3 of the 31 movies have the wrong poster and 1 of the 38 actors has the wrong person's portrait. Instead of trying to Band-Aid the situation with manual overrides, I decided to let the current accuracy level get memorialized.

>**DEPLOYMENT:**

In the interest of expediency, I skipped over the deployment but got to tinker around with 4 different platforms.

>**USER MANAGEMENT:**

If people can log in, they can start having user-specific requests like favorites or upvotes.

>**PAGINATION:**

Let's pretend there were 100 MCU movies eventually, and I didn't want them all in one page. I might limit a page to 4 columns, 5 rows, and make each block of 20 cells its own page.

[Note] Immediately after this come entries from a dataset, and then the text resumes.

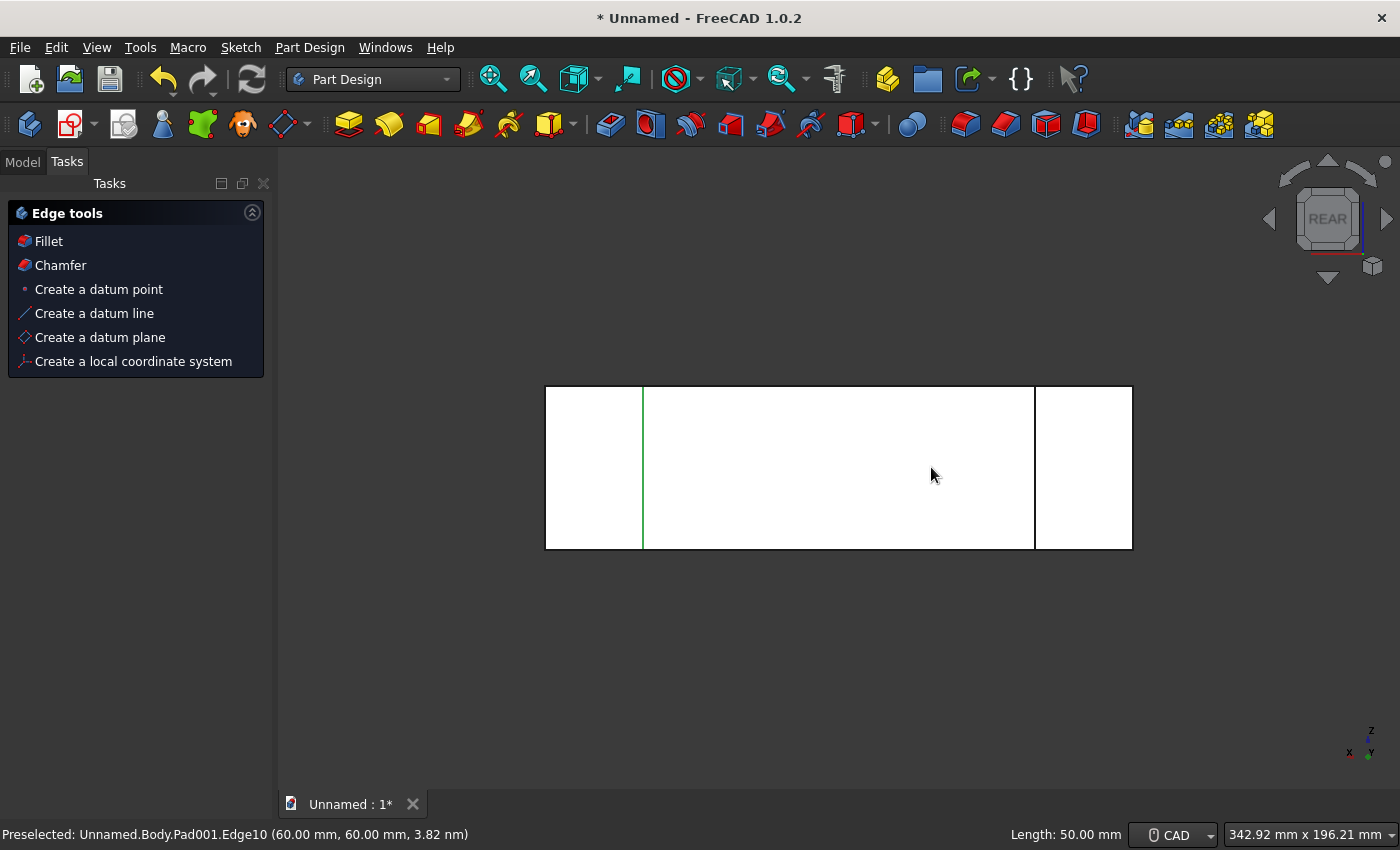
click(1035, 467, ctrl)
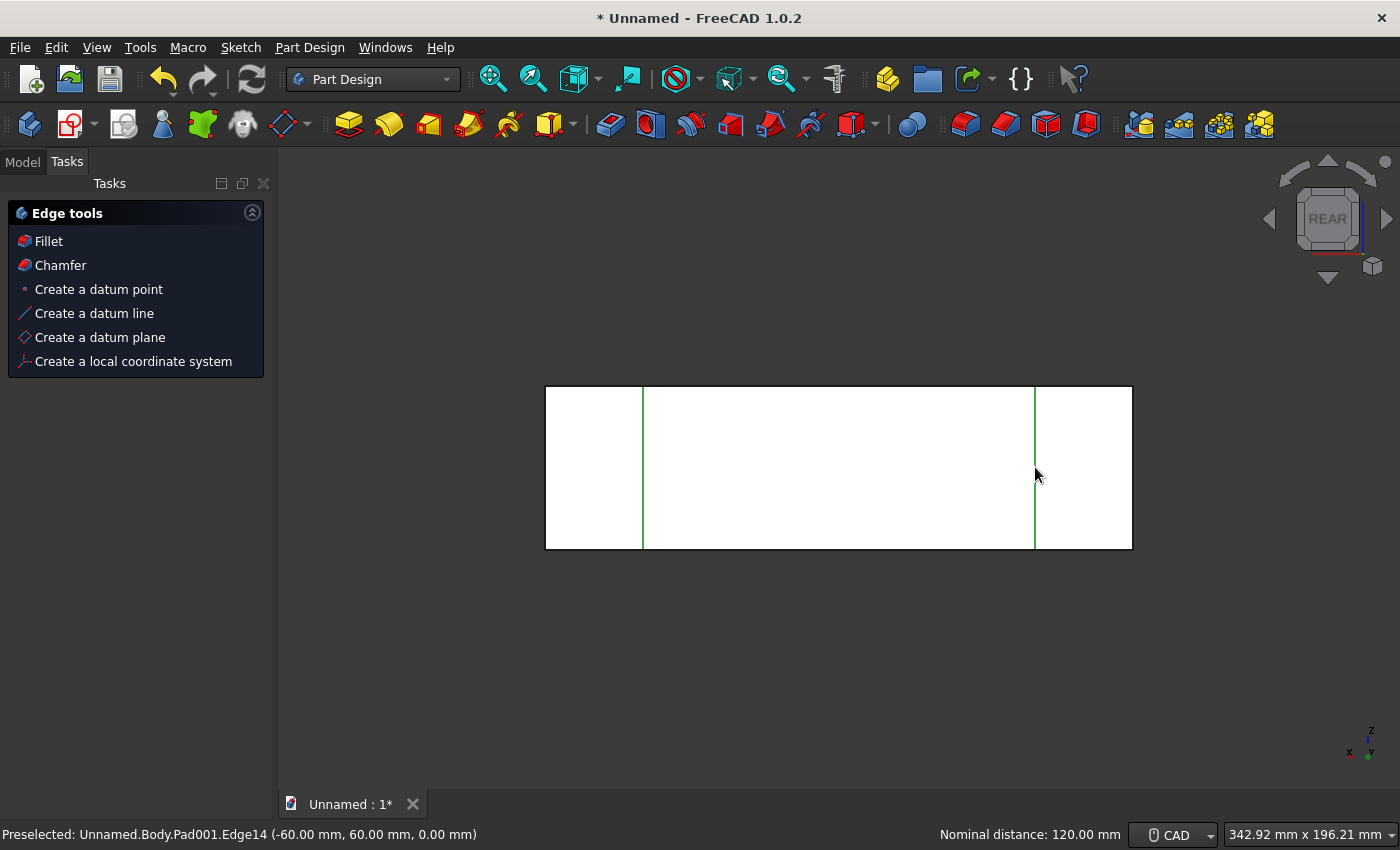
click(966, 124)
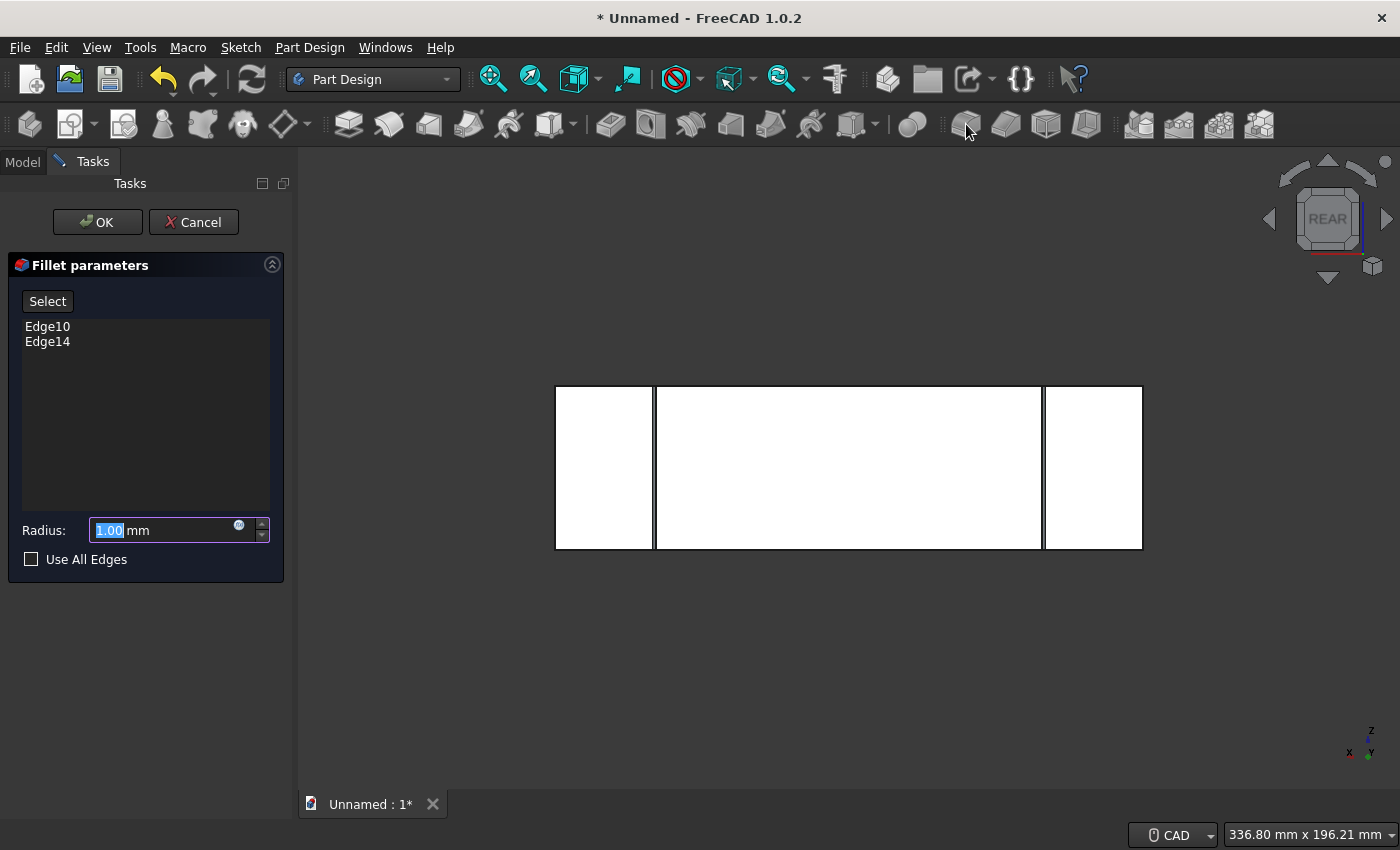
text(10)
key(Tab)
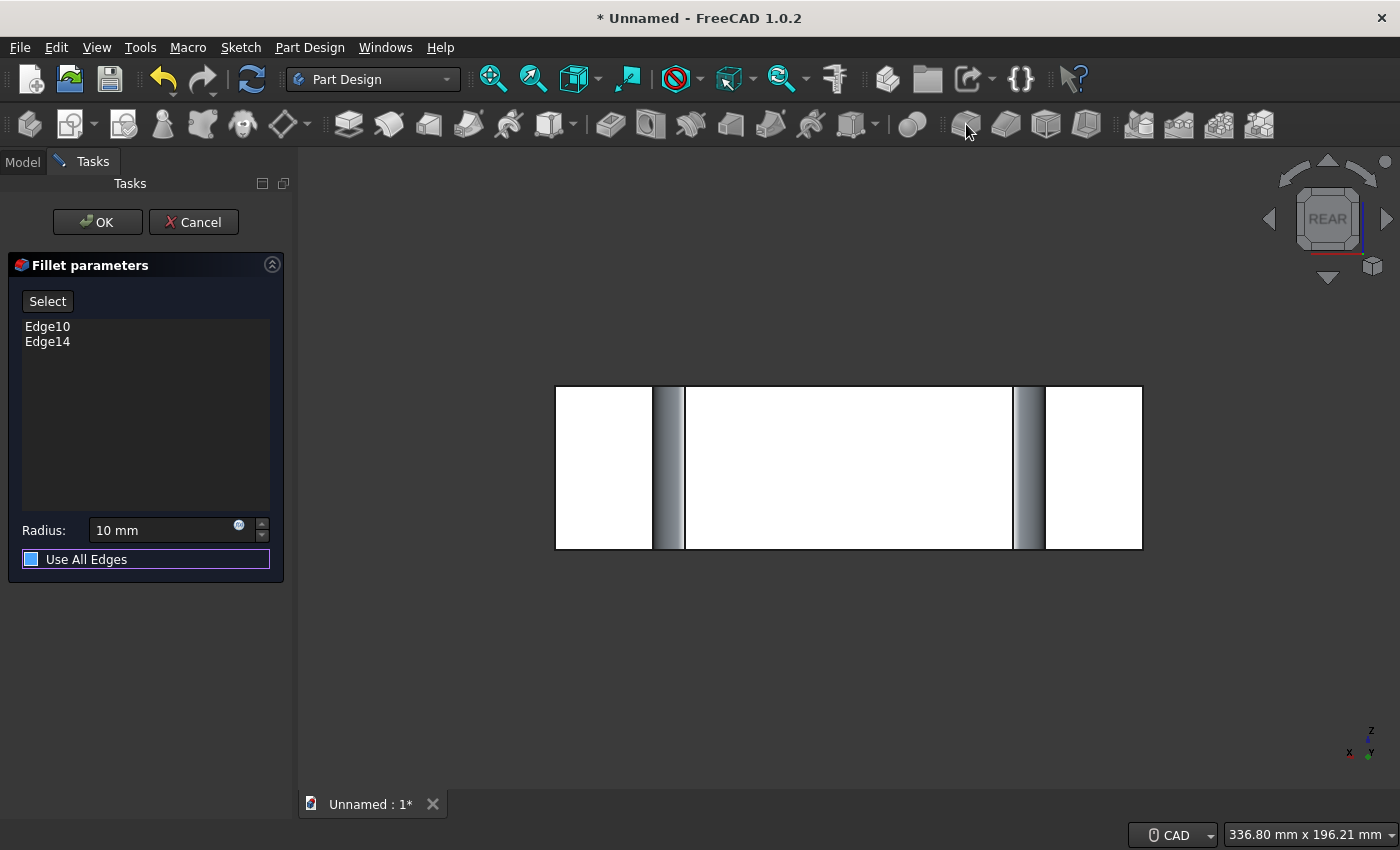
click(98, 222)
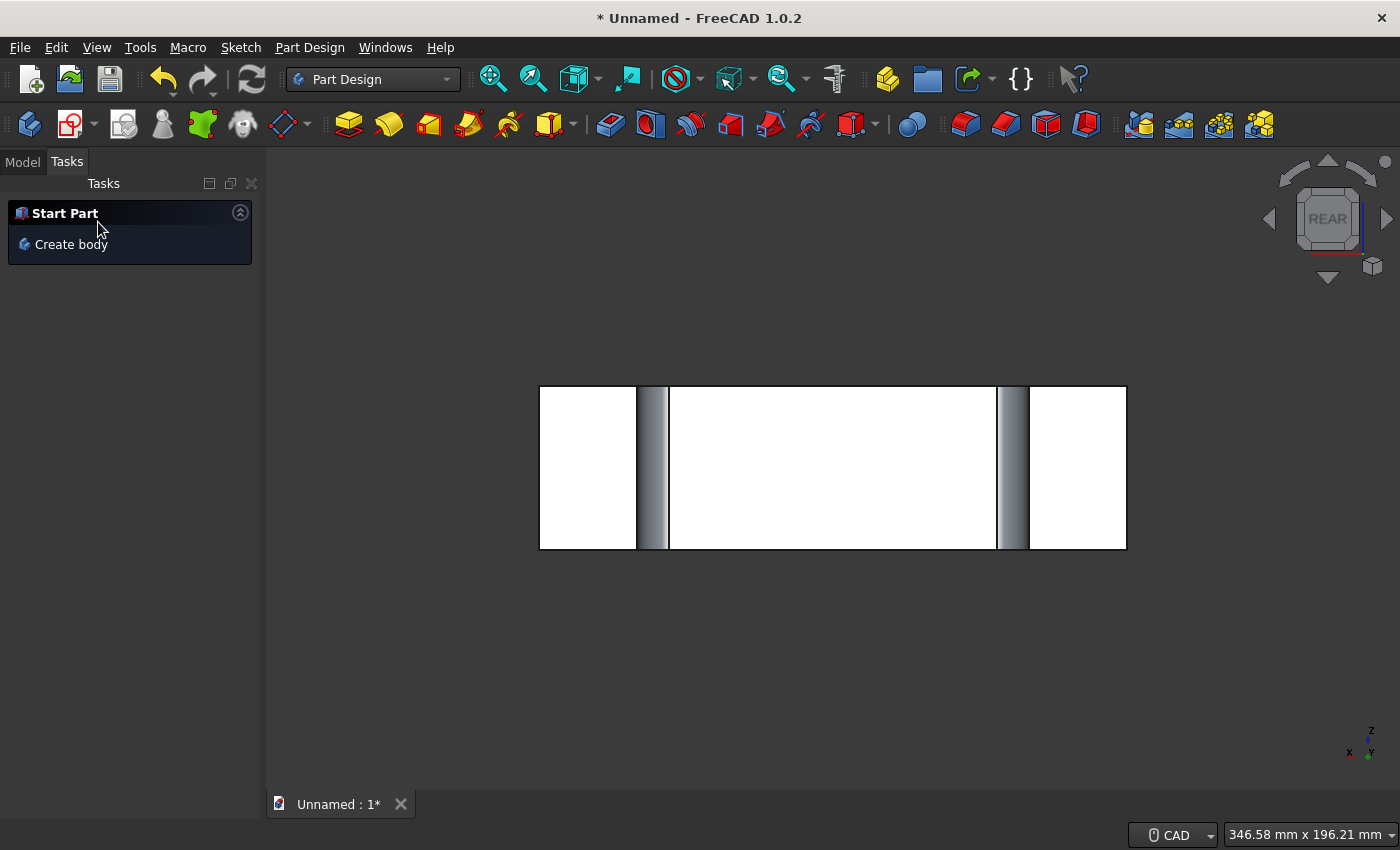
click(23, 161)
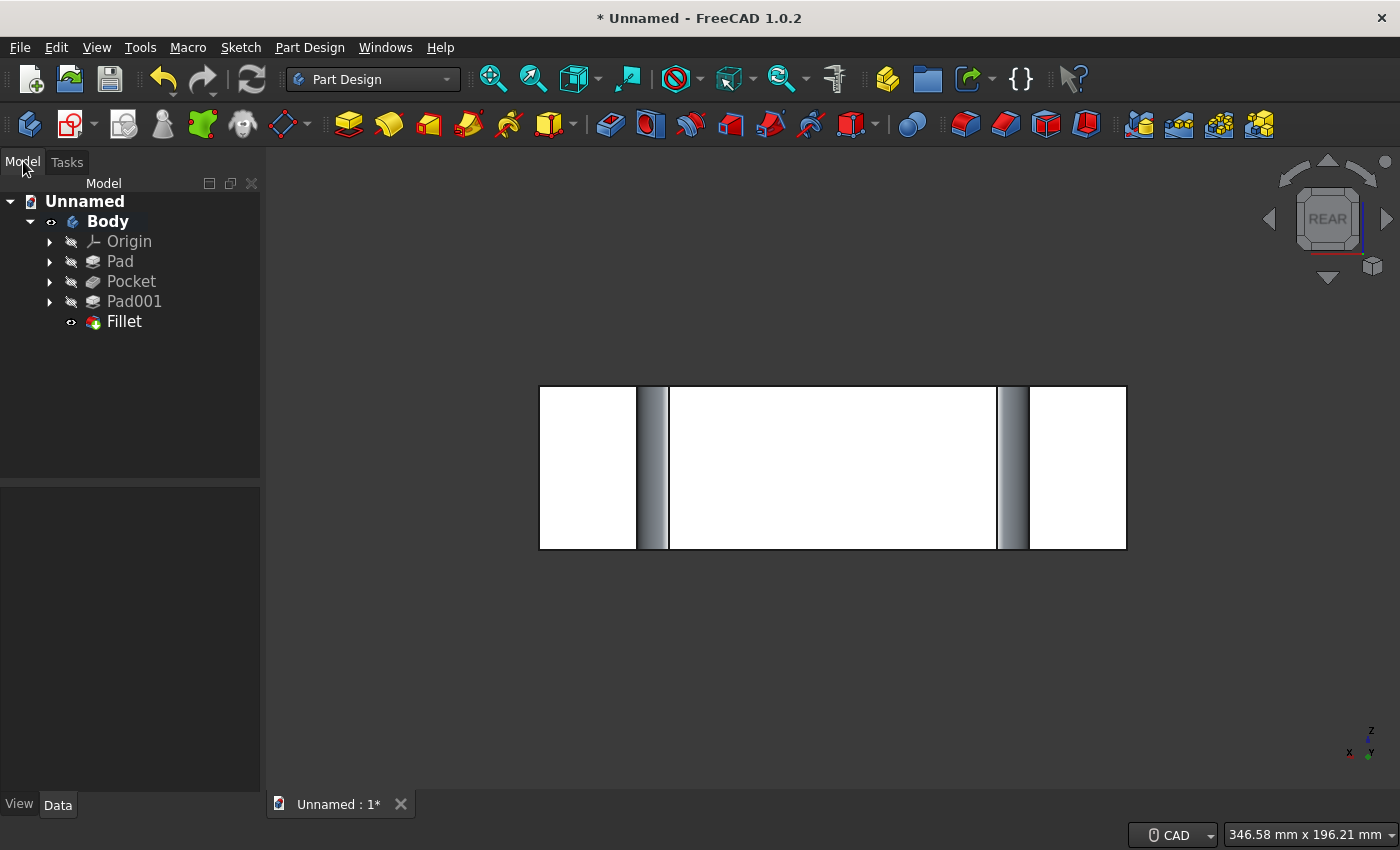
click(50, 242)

## Challenges and learnings:
- A database like Postgres can store images, but you shouldn't do it because it's designed to be fast for structured data, not images. There could be financial cost disparities too. Better to just keep it in a static_media folder
- When you install something, dependencies are automatically added to the package.json file. In Django, you need to add manually.
- You might have to sort data in the SQL pull/API endpoint instead of counting on React to do the heavy lifting
- The idea of web-scraping isn't something I considered until the middle of the project. It wasn't so bad to download movie posters, but the idea of putting them in a certain file path tree sounded tedious and annoying, so that pointed me to BeautifulSoup.
- Python already has a "quote_plus" function for encoding strings into search URLs
- Deployment is much more complicated than I would have imagined 1 year ago. Up until now, I have only used Heroku. This time, I touched Digital Ocean, Vercel, and Render. Vercel should have been a non-starter because it can't handle databases.
- CSS has a built-in grayscale tool
- The idea of consolidating all CSS into 1 centralized style guide is not as clear-cut as I thought. There were times where putting formatting, that weren't re-used across multiple components, actually caused more confusion crowding up one file. If I could do it all over again, I would have spent way more time planning CSS.
- The mistake I made was being too literal with how I made the web site - the point of this project was to quickly gain some familiarity with how React and Express work, end of story. If I was to do this a second time, I would have been more strategic about my use of components e.g. splitting up the the portrait component into a grouping of multiple components instead of just relying on CSS to make things look different.